La visualisation des capillaires est limitée par l’épaisseur de la couche cornée et l’intensité de la pigmentation. L’architecture microcirculatoire varie en fonction des territoires en raison des différences d’épaisseur du derme et du caractère plus ou moins festonné de la jonction dermo-épidermique.
La mesure de densité capillaire est un élément essentiel de l’examen. Il existe des dispositifs complexes, peu utilisés en pratique, qui permettent un comptage automatisé des capillaires. La reproductibilité de la mesure de densité a été étudiée par l’équipe de Lamah et Mortimer [2], avec de bons résultats (variation intra-lecteur de 5,6% et corrélation inter-lecteurs de 94%). Dans une étude n’utilisant pas de dispositif automatisé de comptage, la variation des mesures était inférieure à 10% entre observateurs et inférieure à 3% pour un même observateur [3]. L’examen de la cheville et du pied est particulièrement intéressant en raison de la grande fréquence des troubles trophiques à ce niveau. L’équipe de Lamah et Mortimer [4] a établi une cartographie des capillaires des pieds chez le sujet sain. Les mesures de densité varient beaucoup d’un sujet à l’autre (coefficient de variation de 22%). La densité capillaire est plus élevée sur les orteils (48/mm2) que sur le dessus du pied (33/mm2). La densité peut varier même entre deux sites proches, donc il est conseillé de mesurer la densité sur plusieurs sites et de retenir la moyenne des densités observées. La densité capillaire est habituellement de 30 à 50/mm2 [1,5] (Figure 3).

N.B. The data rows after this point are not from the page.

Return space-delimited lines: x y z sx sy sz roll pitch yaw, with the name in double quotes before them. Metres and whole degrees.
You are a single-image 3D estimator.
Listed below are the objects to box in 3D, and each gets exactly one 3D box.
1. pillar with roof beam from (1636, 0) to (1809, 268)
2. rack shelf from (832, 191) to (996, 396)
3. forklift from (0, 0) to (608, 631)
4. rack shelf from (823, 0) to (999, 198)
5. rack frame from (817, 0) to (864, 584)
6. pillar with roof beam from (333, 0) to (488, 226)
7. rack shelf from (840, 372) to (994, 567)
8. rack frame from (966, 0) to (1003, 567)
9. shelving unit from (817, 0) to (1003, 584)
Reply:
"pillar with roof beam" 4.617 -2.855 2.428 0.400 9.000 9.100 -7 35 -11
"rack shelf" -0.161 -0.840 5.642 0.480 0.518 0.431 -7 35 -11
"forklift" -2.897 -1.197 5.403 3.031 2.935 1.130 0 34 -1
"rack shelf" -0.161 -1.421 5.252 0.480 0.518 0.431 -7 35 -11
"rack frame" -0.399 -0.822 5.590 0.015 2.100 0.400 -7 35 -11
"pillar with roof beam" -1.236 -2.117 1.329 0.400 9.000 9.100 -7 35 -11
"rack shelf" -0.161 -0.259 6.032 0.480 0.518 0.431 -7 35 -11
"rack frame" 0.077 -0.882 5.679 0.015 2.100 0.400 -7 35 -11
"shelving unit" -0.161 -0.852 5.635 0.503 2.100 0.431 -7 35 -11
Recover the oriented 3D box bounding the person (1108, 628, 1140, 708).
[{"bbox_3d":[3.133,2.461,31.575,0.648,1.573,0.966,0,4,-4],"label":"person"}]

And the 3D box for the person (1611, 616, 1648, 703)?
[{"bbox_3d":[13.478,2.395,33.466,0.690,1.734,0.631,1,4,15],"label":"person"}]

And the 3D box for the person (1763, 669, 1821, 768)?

Capillaroscopie en pleine peau dans les troubles trophiques vasculaires
Artériopathie des membres inférieurs (AOMI)
La densité capillaire est réduite dans l’AOMI : 24/mm2 en cas d’ulcère artériel, 31/mm2 en cas d’AOMI au stade de claudication, 34/mm2 chez le sujet sain [6]. Fagrell [7] a décrit 3 stades (dilatation capillaire puis œdème puis diminution majeure de densité) de gravité croissante en capillaroscopie, associés à un risque croissant de nécrose cutanée (5, 15 et 90% respectivement). Ubbink [8] a classifié les patients avec artériopathie des membres inférieurs non revascularisables pour le risque d’amputation imminente en trois stades en fonction de la densité capillaire en pleine peau mais aussi des données de la TcPO2 et du laser doppler. Une densité capillaire de 20/mm2 séparait les patients en bon et mauvais pronostic. La combinaison de ce chiffre de densité aux résultats des autres techniques permettait de définir trois groupes de pronostic bon, mauvais ou intermédiaire (Figure 4).
Insuffisance veineuse chronique
La physiopathologie des ulcères veineux implique la microcirculation. Les anomalies observées préexistent à l’apparition des ulcères, dès le stade de l’œdème et en peau macroscopiquement non lésée. Les anomalies microcirculatoires persistent après la guérison des ulcères. Au niveau des lésions d’hypodermite, les capillaires sont dilatés, allongés, tortueux. Il existe une importante diminution de densité capillaire qui s’accompagne d’une augmentation de longueur qui explique leur tortuosité pouvant aller jusqu’à la forme de « peloton glomérulaire » [9]. En périphérie des zones d’atrophie blanche, avasculaires, il existe des capillaires élargis qui deviennent pratiquement parallèles au plan cutané [1]. Les papilles dermiques s’élargissent et leurs contours sont rehaussés par les dépôts d’hémosidérine de la dermite ocre. Lorsque la densité capillaire est diminuée en position couchée et ne varie pas en position debout, le risque d’ulcère parait plus grand (perte du réflexe postural) [10] (Figure 5 A, B, C, D & E).